The water level as a matter of classification was also formulated in Feng et al. (2020). Their approach included initially classifying images posted through social media, as ‘related’ and ‘not related’ to flood, while the related ones with the presence of people were further processed in order to classify the water level in respect to various parts of the human body that were submerged in the flooded water. As a case study they used Hurricane Harvey (2017). They used the DIRSM dataset extended by photos from other sources and consisted of 19,570 features. In general, their approach consisted of using various models, had little better precision and average precision scores calculated in cut-offs in comparison to previous approaches that had been applied during the MediaEval ’17 workshop. With regard to the estimation of water levels, the overall accuracy of their approach has impressively better metrics (overall accuracy of 89.2%), while by fusing their model with that of another method they achieved an overall accuracy of 90%. Finally they mapped the flooded area, by extracting the location of social media, and by using census administrative areas. They also manipulated the data with other sources, like remote sensing. By combining social media and remote sensing there was an increasing accuracy. One of the noted assumptions of combining remote sensing and social media is that the latter can contribute to identifying the severity of an event at an earlier time point.

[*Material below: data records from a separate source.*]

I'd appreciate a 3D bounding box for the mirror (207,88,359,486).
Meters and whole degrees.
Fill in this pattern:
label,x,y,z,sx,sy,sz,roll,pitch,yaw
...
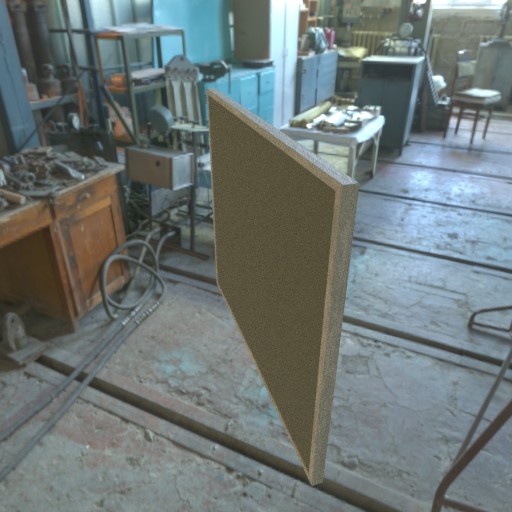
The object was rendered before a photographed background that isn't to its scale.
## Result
label,x,y,z,sx,sy,sz,roll,pitch,yaw
mirror,0.000,0.000,1.135,0.028,0.689,0.839,-9,31,-16
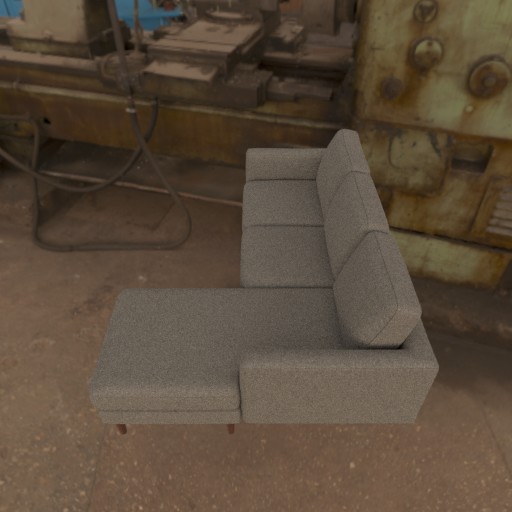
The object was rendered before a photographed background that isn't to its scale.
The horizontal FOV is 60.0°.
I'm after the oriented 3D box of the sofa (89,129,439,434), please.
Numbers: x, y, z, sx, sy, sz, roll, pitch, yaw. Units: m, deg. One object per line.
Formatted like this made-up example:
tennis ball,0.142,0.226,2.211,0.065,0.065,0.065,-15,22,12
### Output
sofa,0.000,0.000,2.906,1.667,0.957,2.055,0,42,0
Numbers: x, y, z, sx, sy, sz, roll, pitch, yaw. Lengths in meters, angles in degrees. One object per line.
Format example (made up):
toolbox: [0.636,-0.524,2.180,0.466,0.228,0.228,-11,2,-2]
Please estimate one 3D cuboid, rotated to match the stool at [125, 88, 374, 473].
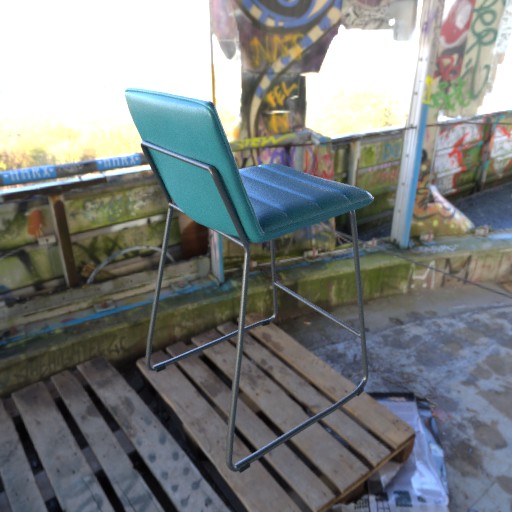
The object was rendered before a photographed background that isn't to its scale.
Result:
stool: [0.000,0.000,1.205,0.524,0.866,0.489,-18,31,-33]
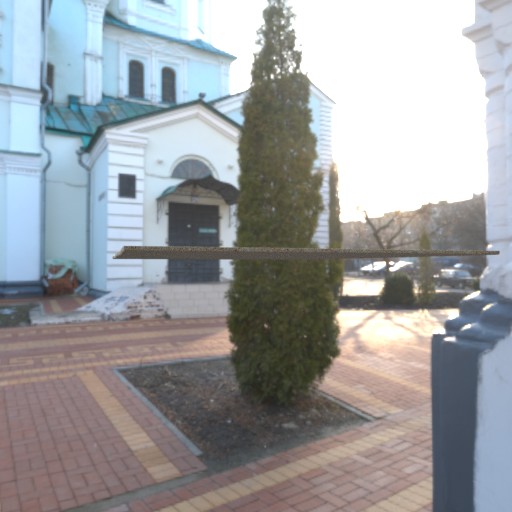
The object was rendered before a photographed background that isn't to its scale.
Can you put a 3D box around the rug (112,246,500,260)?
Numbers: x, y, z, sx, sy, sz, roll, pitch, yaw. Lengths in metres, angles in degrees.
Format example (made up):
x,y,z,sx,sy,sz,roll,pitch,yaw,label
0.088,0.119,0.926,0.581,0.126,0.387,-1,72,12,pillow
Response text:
x,y,z,sx,sy,sz,roll,pitch,yaw,label
0.000,0.000,3.976,2.400,0.026,3.000,0,-1,-19,rug
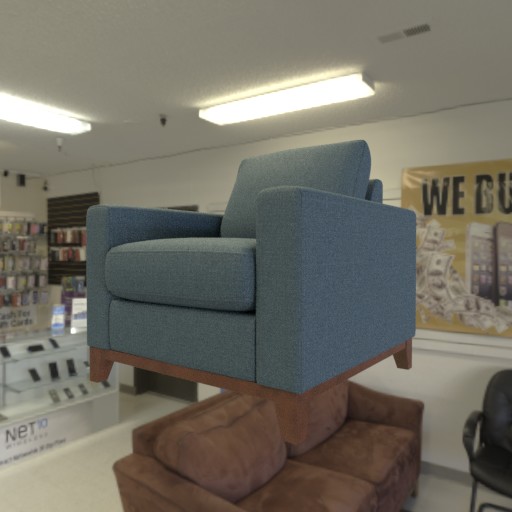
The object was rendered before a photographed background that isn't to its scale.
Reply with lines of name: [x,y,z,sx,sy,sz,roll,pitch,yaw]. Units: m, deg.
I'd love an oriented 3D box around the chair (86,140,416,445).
chair: [0.000,0.000,1.872,1.024,1.010,1.038,1,1,37]
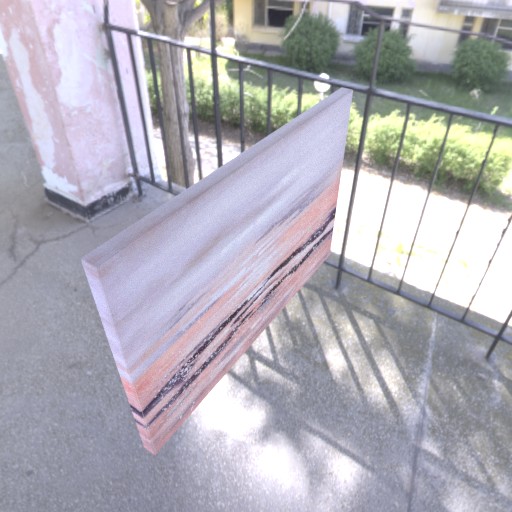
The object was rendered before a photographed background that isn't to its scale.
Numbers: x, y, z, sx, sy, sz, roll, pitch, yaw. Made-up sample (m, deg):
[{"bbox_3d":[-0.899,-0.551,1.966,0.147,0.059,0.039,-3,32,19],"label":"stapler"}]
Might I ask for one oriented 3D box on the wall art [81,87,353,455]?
[{"bbox_3d":[0.000,0.000,1.166,0.038,0.609,0.913,24,46,26],"label":"wall art"}]
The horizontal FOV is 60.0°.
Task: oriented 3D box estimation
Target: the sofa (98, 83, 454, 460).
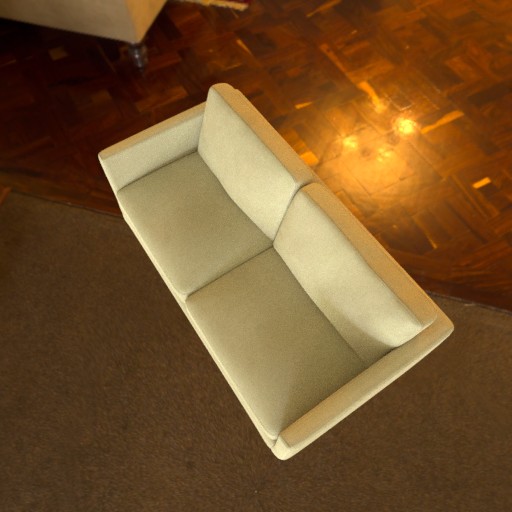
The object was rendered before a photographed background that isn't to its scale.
[{"bbox_3d":[0.000,0.000,2.430,0.950,0.940,1.846,-31,66,-15],"label":"sofa"}]
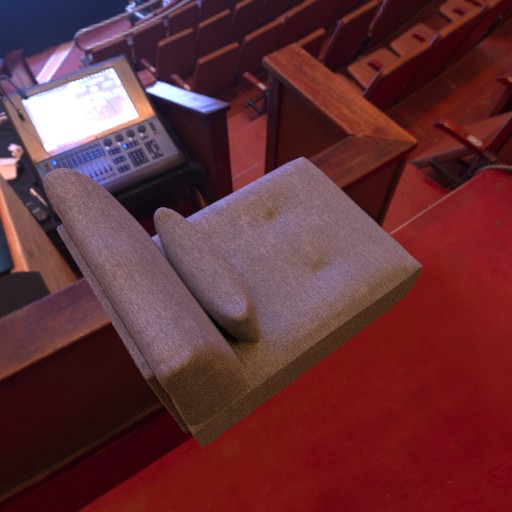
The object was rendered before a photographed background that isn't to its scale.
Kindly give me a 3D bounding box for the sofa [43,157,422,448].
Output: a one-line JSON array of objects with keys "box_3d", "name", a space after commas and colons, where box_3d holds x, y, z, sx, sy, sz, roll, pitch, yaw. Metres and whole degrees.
[{"box_3d": [0.000, 0.000, 1.510, 1.000, 0.820, 0.700, -31, 63, -18], "name": "sofa"}]
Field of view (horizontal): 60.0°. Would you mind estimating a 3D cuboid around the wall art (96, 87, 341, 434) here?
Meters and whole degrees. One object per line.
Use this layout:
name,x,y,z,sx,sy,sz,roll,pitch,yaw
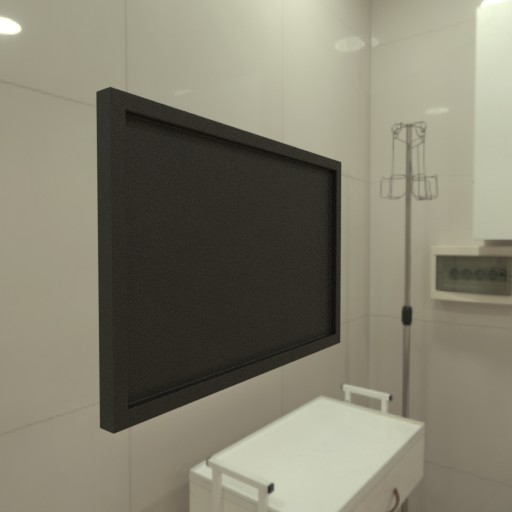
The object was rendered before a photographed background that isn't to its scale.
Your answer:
wall art,0.000,0.000,0.568,0.021,0.301,0.443,1,2,37
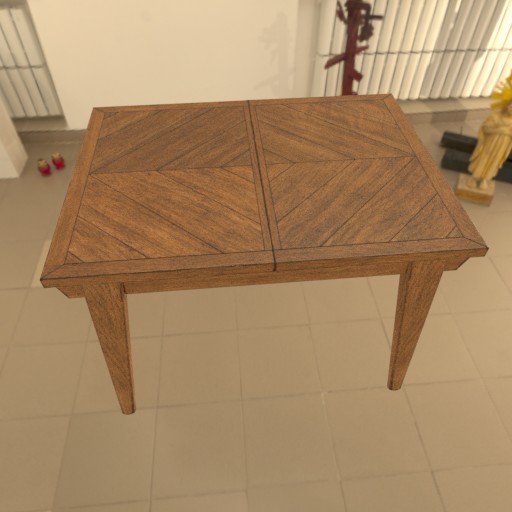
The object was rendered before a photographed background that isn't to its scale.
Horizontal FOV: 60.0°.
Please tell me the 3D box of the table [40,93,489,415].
[{"bbox_3d":[0.000,0.000,1.541,1.027,0.760,0.757,-4,47,-4],"label":"table"}]
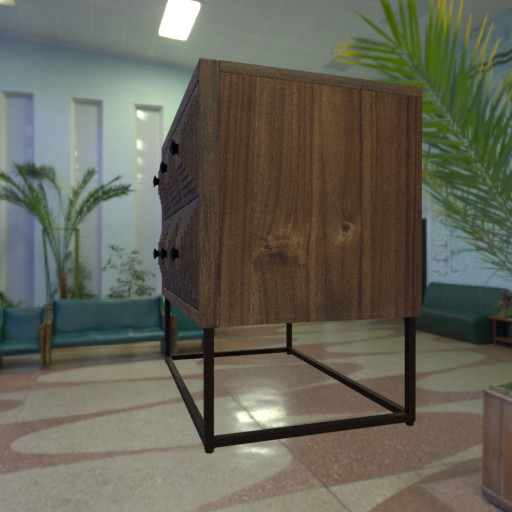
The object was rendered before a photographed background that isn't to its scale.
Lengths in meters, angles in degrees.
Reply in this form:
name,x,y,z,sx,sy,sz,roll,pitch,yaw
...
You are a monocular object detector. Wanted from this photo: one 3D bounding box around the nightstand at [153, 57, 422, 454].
name,x,y,z,sx,sy,sz,roll,pitch,yaw
nightstand,0.000,0.000,1.023,0.437,0.610,0.610,0,0,-17
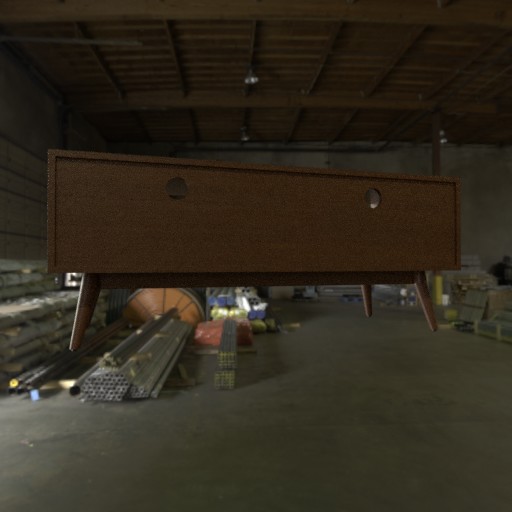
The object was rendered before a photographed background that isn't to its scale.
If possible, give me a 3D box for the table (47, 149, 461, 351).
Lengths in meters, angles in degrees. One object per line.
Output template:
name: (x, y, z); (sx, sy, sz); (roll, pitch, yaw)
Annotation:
table: (0.000, 0.000, 1.381); (1.119, 0.464, 0.490); (0, -1, -17)
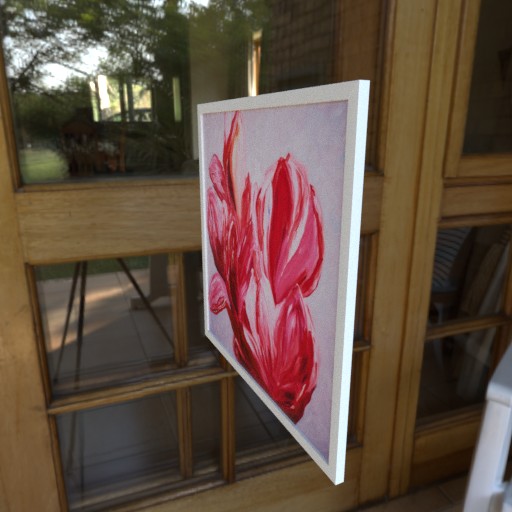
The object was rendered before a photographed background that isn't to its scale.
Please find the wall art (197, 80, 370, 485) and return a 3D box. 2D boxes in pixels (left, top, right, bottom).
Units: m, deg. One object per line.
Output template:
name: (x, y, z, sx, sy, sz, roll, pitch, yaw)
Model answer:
wall art: (0.000, 0.000, 1.182, 0.022, 0.803, 0.805, -8, 18, -25)

Guo et al. (2025) assessed the contribution of social media to flood-related disasters by analysing posts from 2016 up to 2024 regarding urban flooding in Changsha, a city in South Central China, which is affected by flood events resulting from, among other factors, rapid urbanization, heavy rainfall, low topography and the Xiangjiang river. Their approach includes methods for extracting information from text and photos. Related information included flood locations and water depths. They also found positive correlation among the volume of the generated posts and various indicators, including population and seasonal rainfall. They performed the analysis within a prisma of a short-term and a long-term calendar time periods. During the first period, the posted information mostly relates to the response, while during the second period, the posts are concerned with prevention and governmental responsibilities. Yolo v5 was used for extracting information from photos. Other research is also available that deals with, among others, the potential of social media to contribute to identifying urban waterlogging (Chen et al. 2023).